Battlegrounds: Geography And The History Of Warfare, edited by Michael Stephenson
Organizing a set of mostly familiar battles by their terrain, and examining the important role that terrain played in the outcome and course of those battles, would appear to be such an obvious sort of book about military history that one figures many people would have undertaken the task. But that is not the case, and this worthy volume fills the gap by providing some excellent food for thought about the impact of topography and climate on the course of military history. Despite some minor flaws in copy-editing and occasional minor factual errors (for example, claiming that Ypres flooded so easily because of a low water table, rather, like swampy Florida, the water table is high, and close to the surface), the book is mostly very informative and very well-conceived. It is a good idea executed competently, providing something new and worthy to read in the heavily saturated battle history market.
One thing that makes this book particularly noteworthy and provides much of its insight (as the book is mostly conceived as a set of essays on particular battles) is the fact that the battle studies are organized by the terrain, in roughly chronological order. What this organization allows is for the reader to compare how similar problems in fighting in particular terrains were solved in different periods by different leaders using different armies and technologies, giving an implicit comparative treatment even with unrelated essays being written by different historians, providing case study approaches for the reader. One major weakness of the work is its relentless Eurocentrism, including a grand total of 0 battles where a European or North American military power is absent. That said, at least the battles included, for the most part, will be familiar to the reader, and I imagine the highly selective battles were chosen in mind to appeal to a Western military history reading audience that is not going to need too much background information about unfamiliar regimes and is going to want familiar battles viewed through the unfamiliar light of the restrictions of terrain and climate.
A group of historians and retired military leaders: Matthew Bennett, Bryan Perett, Ian Castle, Gary Gallagher, Philip Haythornthwaite, Peter Huchthausen, Will Fowler, Col. Joseph Alexander USMC (Retired), Agostino von Hassell, Nigel Cave, Stephen Badsey, Eric Bergerud, and Michael Stephenson (the editor of the whole project), divide up the battles, most taking several of them. The battles are divided by terrain: Plains (Issus, Little Bighorn, and El Alamein), Valleys (Balaklava and Cedar Creek), Rivers (Hydaspes, the Berezina, and Arnhem), Islands (Malta, Crete, Iwo Jima), Woods and Forest (Teutoburg Forest, Chancellorsville, and Belleau Wood), Coasts (Marathon, Gallipoli, and Tarawa), Highground, covering hills, mountains, and ridges (Masada, Little Round Top, Vimy Ridge, Peleliu, Monte Cassino, Chosin Reservoir, and Khe Sanh), Desert (Omdurman and the First Gulf War), Jungle (Buna and Ia Drang Valley), Passes (Thermopylae and Kasserine Pass), Bays and Harbors (three naval battles–Salamis, Battle of the Nile, and Mobile Bay), Peninsulas (Yorktown and Bataan), and “The Geography of Hell” (Passchendaele, Verdun, and Stalingrad).

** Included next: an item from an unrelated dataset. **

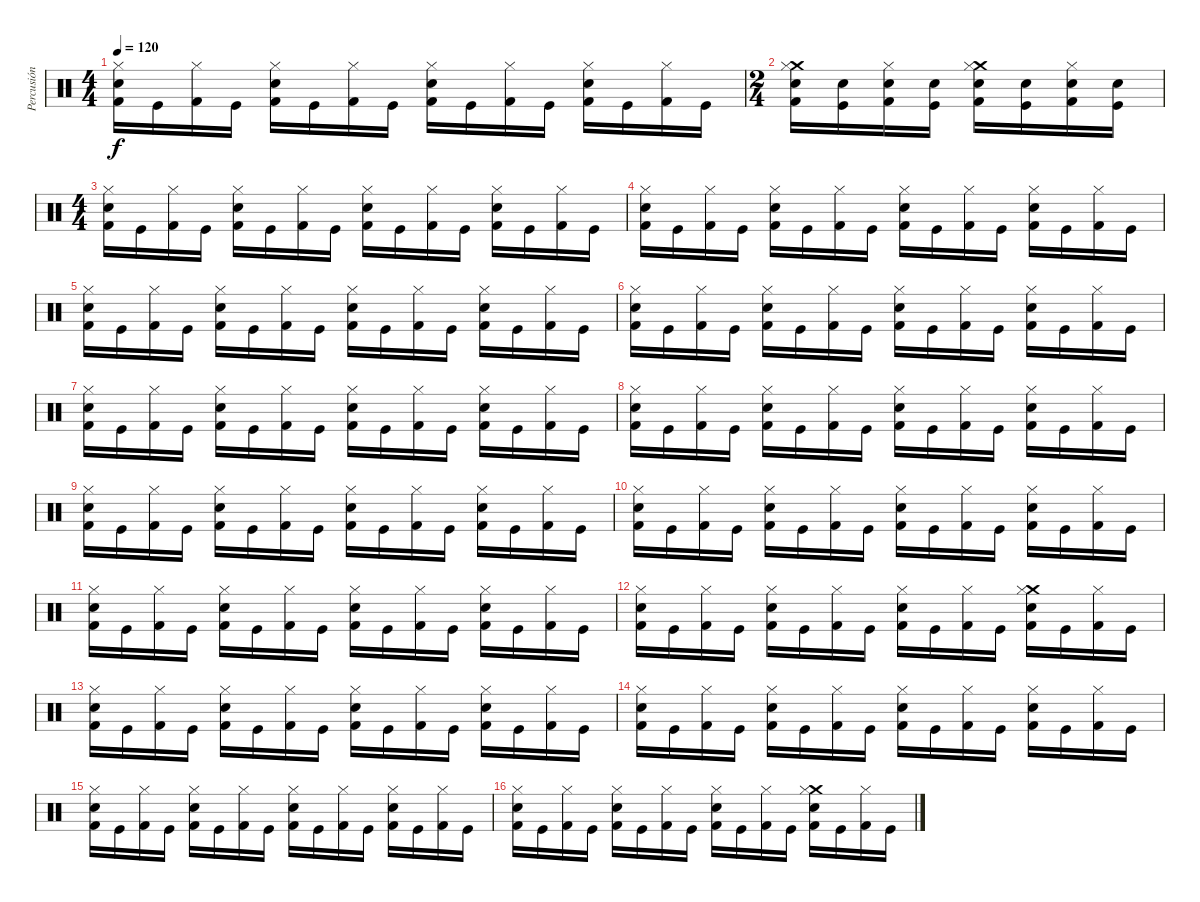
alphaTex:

The essays themselves are mostly short and solid, containing information about the leadup, purpose, conduct, and outcome of the battles with a mixture of literature, personal touches, and notes on notable features and casualties. The focus on mostly familiar conflicts (The Greco-Persian Wars, Alexander’s Campaigns, the Jewish War, The American Revolution, the Napoleonic Wars, The American Civil War, World War I, World War II, Korea, and Vietnam, as well as the First Gulf War) means that the material in this book is likely to be mostly familiar to the well-read military history audience, though the context of the battles as a result of the terrain they were fought in is likely to be a little unfamiliar.
The main purpose of this book appears to be an attempt to show familiar battles and conflicts in light of the vital role of geography in shaping how men fight, as well as how armies can be supplied, and this goal appears to be met very well by the solid work done by the historians involved. It would have been even better to have had less “selection bias” in the battles, but if this book influences its readers to think more (or maybe to think at all) about the role of terrain in shaping battles and their outcome, this book would be successful in its aims. I think the authors of this book can rest easy knowing they have succeeded in bringing a great deal of much needed attention to an often-neglected aspect of warfare, while providing plenty of opportunity for others to expand beyond the confines of the familiar to more unfamiliar historiographical terrain.